Iraqi women not free yet

? There is a moment in Azar Nafisi’s memoir of life in Iran when she describes what it was like to be a captive in someone else’s dream. “A stern ayatollah,” she writes, “a blind and improbable philosopher-king, had decided to impose his dream on a country and a people and to re-create us in his own myopic vision.”

Nafisi’s book, whose very title — “Reading Lolita in Tehran” — would set all the ayatollahs on edge, chronicles her resistance to this “myopic vision.” She created an air pocket in the suffocating atmosphere of the Islamic revolution, a private classroom where a handful of students could come and talk about literature and life.

The subject of her book is not only freedom but what it was like for a woman to lose it. “Now that I could not call myself a teacher, a writer, now that I could not wear what I would normally wear, walk in the streets to the beat of my own body, shout if I wanted to or pat a male colleague on the back on the spur of the moment, now that all this was illegal,” she recalls, “I felt light and fictional, as if I were walking on air, as if I had been written into being and then erased in one quick swipe.”

This “memoir in books” is a remarkable blend of imagination and politics. But it’s a way to think about Iraq and Afghanistan as well. You see, things are not going so well for the women in the countries that we have “liberated.” There is a struggle there too with “stern ayatollahs.”

Last Wednesday another school south of Kabul was torched, the grounds littered with leaflets saying girls shouldn’t be in the classroom. Outside the cities, modern women no longer wear the burqas by fiat; they wear them by fear. In places where warlords rule the roads and Islamic clerics rule the courts, little has changed.

Meanwhile in Iraq, have you noticed that the man on the street interviews in Baghdad are, literally, man on the street interviews? Saddam is gone but women don’t feel safe; kidnappings are common and so, Human Rights Watch reports, is rape. There are signs in the market — “Sister, Veil Yourself” — and cars line up outside the schools to pick up daughters who cannot walk home safely.

As for women in public life, well, this summer the appointment of the first female judge in years was “postponed” in Najaf after a senior ayatollah ruled that judges had to be mature, sane and male. And this week the Iraqi Governing Council appointed a Cabinet — 24 men and one woman.

Through it all, there’s a curious silence from the White House. In 2001, right after the Afghanistan war, the president proudly declared that “we fight for the values we hold dear,” and one of those values was the freedom of women. He said, “The central goal of the terrorists is the brutal oppression of women,” and so women’s freedom was proof of our victory. “Women now come out of their homes from house arrest, able to walk the streets without chaperones.”

Now I wonder.

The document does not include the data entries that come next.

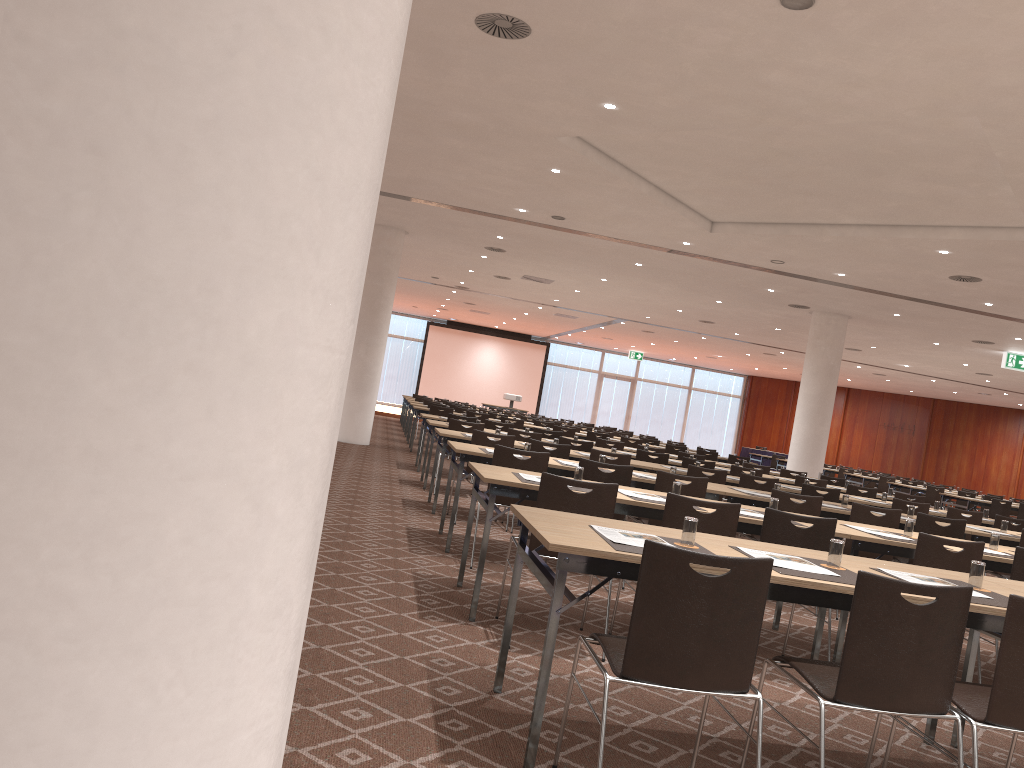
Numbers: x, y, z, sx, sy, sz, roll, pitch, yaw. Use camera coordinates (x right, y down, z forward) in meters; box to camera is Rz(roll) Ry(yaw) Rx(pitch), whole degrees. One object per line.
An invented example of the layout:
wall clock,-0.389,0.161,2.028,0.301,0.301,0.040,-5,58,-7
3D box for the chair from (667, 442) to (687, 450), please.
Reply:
chair,3.424,1.727,19.109,0.536,0.939,0.613,10,0,-9

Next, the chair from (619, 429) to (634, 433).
chair,3.118,1.769,25.127,0.536,0.939,0.613,10,0,-8

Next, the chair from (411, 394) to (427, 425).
chair,-2.795,0.784,26.273,0.536,0.939,0.613,10,0,-6

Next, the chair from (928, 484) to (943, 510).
chair,10.365,2.950,22.076,0.536,0.939,0.613,10,0,-10

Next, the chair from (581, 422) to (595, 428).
chair,2.194,1.642,27.055,0.536,0.939,0.613,10,0,-9

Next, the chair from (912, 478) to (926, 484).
chair,11.990,3.295,26.501,0.536,0.939,0.613,10,0,-6

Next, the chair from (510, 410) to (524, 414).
chair,0.041,1.271,26.658,0.536,0.939,0.613,10,0,-9

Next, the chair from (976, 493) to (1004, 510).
chair,11.985,3.229,22.316,0.536,0.939,0.613,10,0,-6

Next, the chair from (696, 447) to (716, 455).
chair,4.081,1.840,19.171,0.536,0.939,0.613,10,0,-6

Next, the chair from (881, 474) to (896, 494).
chair,10.076,2.933,24.137,0.536,0.939,0.613,10,0,-11

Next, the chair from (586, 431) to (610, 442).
chair,1.525,1.370,16.848,0.536,0.939,0.613,10,0,-9

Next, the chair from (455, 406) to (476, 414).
chair,-1.046,0.958,18.411,0.536,0.939,0.613,10,0,-6

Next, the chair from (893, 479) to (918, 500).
chair,9.728,2.842,22.064,0.536,0.939,0.613,10,0,-11

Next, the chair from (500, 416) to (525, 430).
chair,-0.080,1.093,16.533,0.536,0.939,0.613,10,0,-8

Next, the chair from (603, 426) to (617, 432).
chair,2.888,1.760,27.080,0.536,0.939,0.613,10,0,-6

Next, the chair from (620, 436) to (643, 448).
chair,2.165,1.479,16.865,0.536,0.939,0.613,10,0,-7

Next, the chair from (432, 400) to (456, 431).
chair,-1.840,0.916,24.358,0.536,0.939,0.613,10,0,-9

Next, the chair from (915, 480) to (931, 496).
chair,11.129,3.115,24.353,0.536,0.939,0.613,10,0,-7

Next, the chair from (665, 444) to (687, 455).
chair,3.028,1.628,17.028,0.536,0.939,0.613,10,0,-10

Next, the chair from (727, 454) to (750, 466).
chair,4.295,1.846,17.259,0.536,0.939,0.613,10,0,-6

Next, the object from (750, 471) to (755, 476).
object,2.694,1.031,9.948,0.054,0.114,0.054,10,0,-20

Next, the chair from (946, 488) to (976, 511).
chair,12.398,3.331,24.398,0.536,0.939,0.613,10,0,-7

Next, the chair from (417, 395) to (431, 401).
chair,-2.482,0.807,24.341,0.536,0.939,0.613,10,0,-11

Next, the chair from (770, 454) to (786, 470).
chair,8.242,2.680,27.826,0.536,0.939,0.613,10,0,-6

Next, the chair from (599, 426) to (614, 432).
chair,2.547,1.670,25.008,0.536,0.939,0.613,10,0,-8

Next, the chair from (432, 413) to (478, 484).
chair,-0.807,0.914,12.923,0.536,0.939,0.613,10,0,-9

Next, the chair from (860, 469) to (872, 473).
chair,11.147,3.180,28.338,0.536,0.939,0.613,10,0,-11

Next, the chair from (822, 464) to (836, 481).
chair,9.188,2.813,26.086,0.536,0.939,0.613,10,0,-7

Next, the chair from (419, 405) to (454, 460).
chair,-1.371,0.872,16.377,0.536,0.939,0.613,10,0,-7

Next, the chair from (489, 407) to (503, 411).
chair,-0.564,1.168,26.604,0.536,0.939,0.613,10,0,-8

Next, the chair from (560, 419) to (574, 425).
chair,1.568,1.533,26.884,0.536,0.939,0.613,10,0,-10

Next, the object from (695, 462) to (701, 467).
object,2.063,0.923,9.861,0.054,0.114,0.054,10,0,-20

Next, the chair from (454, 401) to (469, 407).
chair,-1.596,0.990,26.416,0.536,0.939,0.613,10,0,-10

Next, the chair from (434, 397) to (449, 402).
chair,-2.172,0.892,26.408,0.536,0.939,0.613,10,0,-7

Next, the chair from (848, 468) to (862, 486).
chair,9.915,2.936,26.052,0.536,0.939,0.613,10,0,-10

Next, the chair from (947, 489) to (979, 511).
chair,11.365,3.124,22.306,0.536,0.939,0.613,10,0,-6

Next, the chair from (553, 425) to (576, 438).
chair,0.887,1.260,16.711,0.536,0.939,0.613,10,0,-7

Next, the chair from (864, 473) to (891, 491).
chair,10.848,3.098,26.272,0.536,0.939,0.613,10,0,-10

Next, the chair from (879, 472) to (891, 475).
chair,11.751,3.283,28.346,0.536,0.939,0.613,10,0,-9

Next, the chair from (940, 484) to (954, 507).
chair,11.779,3.226,24.389,0.536,0.939,0.613,10,0,-10

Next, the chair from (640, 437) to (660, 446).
chair,2.836,1.626,18.986,0.536,0.939,0.613,10,0,-10

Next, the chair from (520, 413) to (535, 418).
chair,0.337,1.291,24.716,0.536,0.939,0.613,10,0,-5

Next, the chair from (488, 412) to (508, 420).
chair,-0.386,1.073,18.587,0.536,0.939,0.613,10,0,-7

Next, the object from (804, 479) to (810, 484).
object,3.334,1.141,10.040,0.054,0.114,0.054,9,0,25

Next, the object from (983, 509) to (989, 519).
object,5.546,1.521,10.378,0.054,0.114,0.054,10,0,-20

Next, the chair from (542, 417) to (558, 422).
chair,0.976,1.400,24.775,0.536,0.939,0.613,10,0,-6

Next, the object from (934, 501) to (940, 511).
object,4.921,1.414,10.274,0.054,0.114,0.054,10,-1,-42

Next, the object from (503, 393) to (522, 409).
object,-0.002,0.591,30.443,0.576,0.472,0.614,10,-1,-8

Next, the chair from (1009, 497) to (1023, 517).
chair,12.658,3.347,22.557,0.536,0.939,0.613,10,0,-10

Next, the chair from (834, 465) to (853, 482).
chair,10.457,3.061,28.154,0.536,0.939,0.613,10,0,-11

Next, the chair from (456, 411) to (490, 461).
chair,-0.727,0.983,16.515,0.536,0.939,0.613,10,0,-8

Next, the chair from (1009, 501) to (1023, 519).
chair,11.647,3.139,20.244,0.536,0.939,0.613,10,0,-9

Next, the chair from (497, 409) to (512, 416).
chair,-0.300,1.182,24.664,0.536,0.939,0.613,10,0,-6

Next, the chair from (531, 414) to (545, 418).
chair,0.687,1.383,26.831,0.536,0.939,0.613,10,0,-6

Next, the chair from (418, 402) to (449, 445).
chair,-1.603,0.863,18.364,0.536,0.939,0.613,10,0,-8

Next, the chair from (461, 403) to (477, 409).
chair,-1.278,1.013,24.476,0.536,0.939,0.613,10,0,-6

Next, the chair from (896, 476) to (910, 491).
chair,11.418,3.194,26.275,0.536,0.939,0.613,10,0,-9

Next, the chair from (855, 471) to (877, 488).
chair,9.507,2.834,23.970,0.536,0.939,0.613,10,0,-7

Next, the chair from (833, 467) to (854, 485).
chair,8.908,2.734,24.024,0.536,0.939,0.613,10,0,-9

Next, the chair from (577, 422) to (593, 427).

Women in these countries have had their rights given and taken away before. Will they find themselves used as a cheap bargaining chip with the religious — male — fundamentalists?

The other day, Noah Feldman — whom I met a decade ago when he came before the Rhodes Scholarship committee — was interviewed about democracy and Islam. A law professor who’s worked on the new Iraqi constitution, Feldman cautioned against expecting full equality. But he added, “We should not think that just because right now there is deeply unequal treatment of men and women, that stops Muslim countries from ever being Democratic.” After all, he said, America was once a full-functioning democracy with deep inequality.

Fair enough. But America was once a democracy with slavery too. Would we accept a democracy without freedom today? Without women’s rights? Remember Abigail Adams’ letter to her husband in 1776 as he wrote the laws for the new country? “I desire you would Remember the Ladies, and be more generous and favorable to them than your ancestors.”

Women in Afghanistan are better off than under the Taliban, those poster boys of oppression. And few women in Iraq miss Saddam. But we are at a point of great uncertainty about the future of our “liberated” women — whether they will be free or forced to conform to a womanhood imagined by a theocrat.

So I am haunted by the story Nafisi tells of a 10-year-old who woke up inconsolable, racked with guilt, for having had an “illegal dream.” There is no room in the dream of universal human rights for an illegal dream. Once more: Remember the Ladies.